Con la muerte de Julio Marenales se reduce aun más la expresión de aquel Uruguay que producía, como cosa natural, intelectuales excepcionales, políticos con principios, periodistas cultos, militantes solidarios, militares demócratas, revolucionarios coherentes, individuos íntegros.
El Viejo compartió esas cualidades de una época fermental y generosa que reaccionaba con su Adn artiguista ante el avance de la seguridad nacional, de las políticas fondomonetaristas y del vasallaje de los mercados a las trasnacionales.
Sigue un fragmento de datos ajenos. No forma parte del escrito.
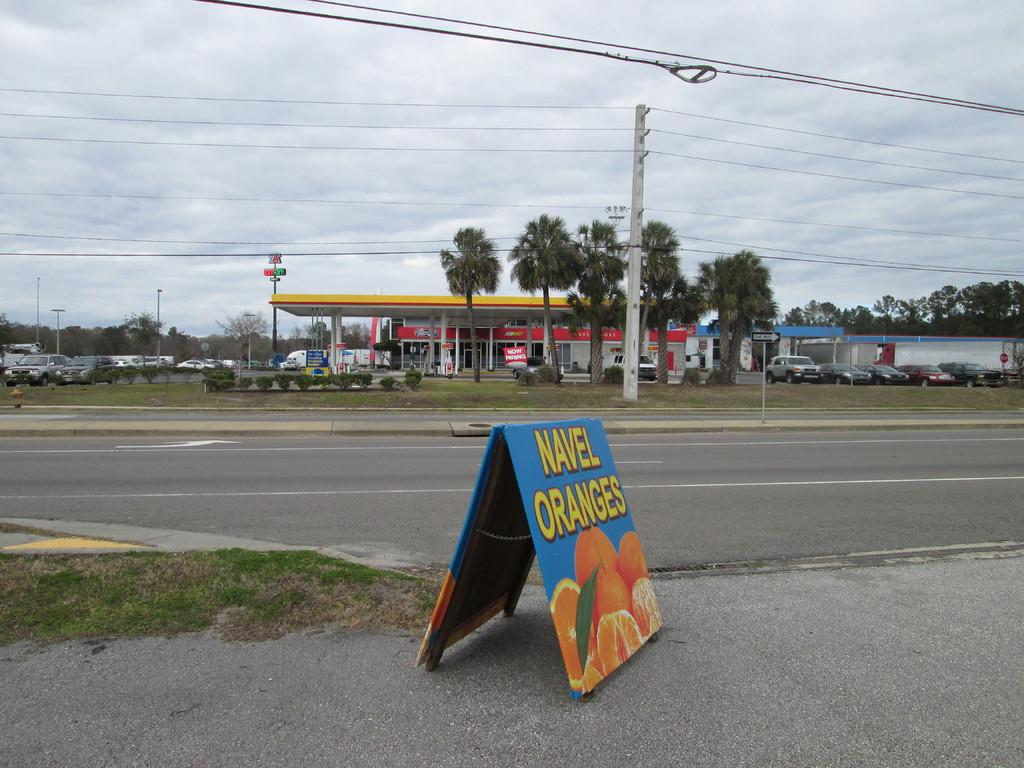<image>
Create a compact narrative representing the image presented. A blue sign on the street that says navel oranges with a picture of oranges on the bottom.

Producto de una izquierda que se confrontaba con ardor en sus diferentes tendencias, militante de un Partido Socialista que se orientaba hacia los trabajadores más desposeídos del Interior –los peones arroceros, los pescadores, los remolacheros, los cañeros–, Marenales hizo su opción por la lucha armada clandestina para crear condiciones revolucionarias.
En esa clandestinidad como guerrillero, en los cuarteles como prisionero y finalmente como dirigente de estructuras políticas legales, el Viejo optó por ofrecer ejemplos cotidianos a sus compañeros: descartaba airado cualquier privilegio en tanto fundador del Mln, reclamaba compartir los riesgos de las acciones militares; no dejaba de participar en los trabajos manuales, ya fuera construyendo un berretín o excavando el túnel de Punta Carretas; disfrutaba inventando herramientas; era consciente de la disciplina, personal y política; cuando fuera necesario disparaba juicios que revelaban la sólida formación teórica sin alharacas de entendido; y se apegaba inflexiblemente, en las discusiones de la dirección, a los principios que consideraba inviolables. También, ni que tal vez, se equivocaba, como cualquiera.
Esta actitud muchas veces era percibida como esquemática y simplista, pero en las distintas circunstancias de su larga vida demostró la importancia y el valor de permanecer coherente, un capital hoy depreciado. Su mirada siempre joven, su sonrisa y su carcajada inimitable en su espontaneidad, desmentían o atenuaban el costado duro, implacable, consigo mismo y con los demás, de una personalidad cincelada con las mismas herramientas de su oficio de escultor.
Murió víctima del precio que su oficio le fue cobrando a sus pulmones, en Salto, quizás en un destierro autoimpuesto por la brutal diferencia entre los ideales y objetivos que guiaron su vida y la realidad de un Uruguay conforme en su conservadurismo. Fue un hombre de su tiempo, ese sesentismo invariablemente denostado por los cortesanos del poder para encubrir su inclinación al vasallaje.